Há direito ao ócio

Desde 5/10/1988, vive-se um verdadeiro “porre” de direitos! Já se criticou a “Constituição Cidadã”, pela proliferação de direitos em defasagem com os deveres. Essa crítica é inadequada, pois a cada direito corresponde ao menos um dever, na melhor concepção da teoria jurídica.

Mas não está errado quem critica a superabundância de direitos, inclusive os fundamentais. Tudo é direito fundamental e, ao multiplicá-los, corre-se o risco de sua trivialização. Se tudo é direito fundamental, como assegurar sua fruição?

 

O Brasil gasta muito com o próprio Estado, esquecida a sua condição de mero instrumento para fazer as pessoas felizes. O Estado se converteu numa finalidade em si mesmo: existe para crescer até o infinito, para se perpetuar e para atender aos desígnios dos que deveriam ser transitórios mandatários do povo.

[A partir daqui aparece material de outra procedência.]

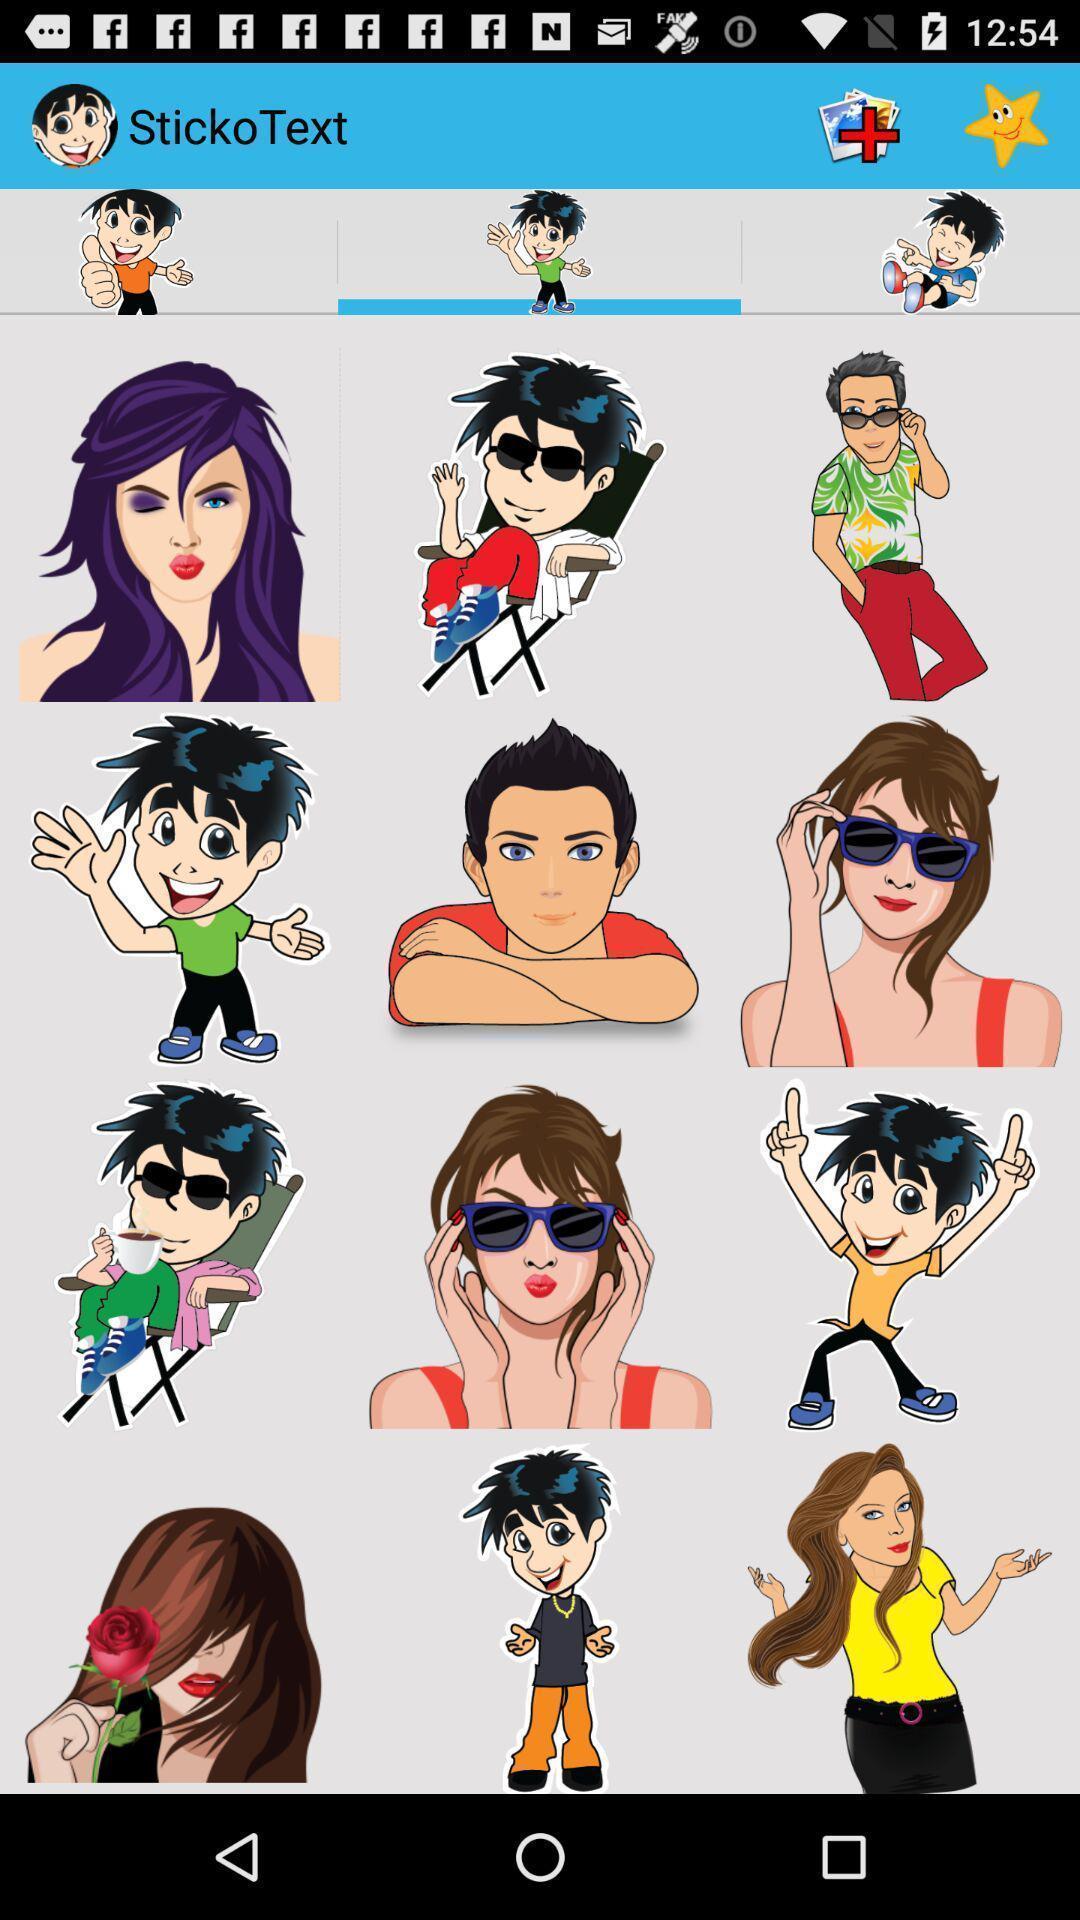What details can you identify in this image? Page screen displaying several stickers in messaging app.

Um desses novos direitos é aquele reservado ao ócio. Em seu favor invoca-se até o Criador. Ele, como lembrava Millôr Fernandes, só falou em trabalho depois que Adão comeu a maçã e quis alçar-se à condição divina. Por isso, o trabalho é castigo – o verbete deriva do latim “tripalium”, instrumento de tortura – e a vocação humana seria a vagabundagem. A versão singela do Éden seria o jardim das delícias, sem a necessidade de sobreviver “com o suor do rosto”.

Em abono a essa tese escreveu-se a respeito da ociosidade criativa dos gregos, sufragada por Sêneca, Montaigne, Lafargue, Russell e Camus, que teria dito: “Os ociosos é que transformam o mundo, porque os outros não dispõem de tempo para fazê-lo”.

O sociólogo Domenico De Masi chegou a excursionar pelo Brasil, proclamando que viveríamos o “ócio como entretenimento”: teríamos mais tempo de fruir dos bens da vida. Saudavelmente. Mas parece que ele errou. O trabalho levou a melhor.

Cesare Pavese, conterrâneo seu, teve a coragem de dizer: “Lavorare stanca”: trabalhar cansa! E os nazistas afixaram nos pórticos dos campos de extermínio a frase “Arbeit Macht Frei” : o trabalho liberta.

Aqui no Brasil das “bolsas”, é perigoso dizer que não é preciso trabalhar. Neto de imigrante, vivenciei o trabalho como obrigação redentora. Meus ascendentes fizeram desde os tijolos para construir a casa da família. Hoje, a moradia é direito fundamental e tem de ser oferecida gratuitamente pelo Governo. Será que progredimos no aprimoramento da espécie? Têm mais valor as benesses do que o fruto do trabalho?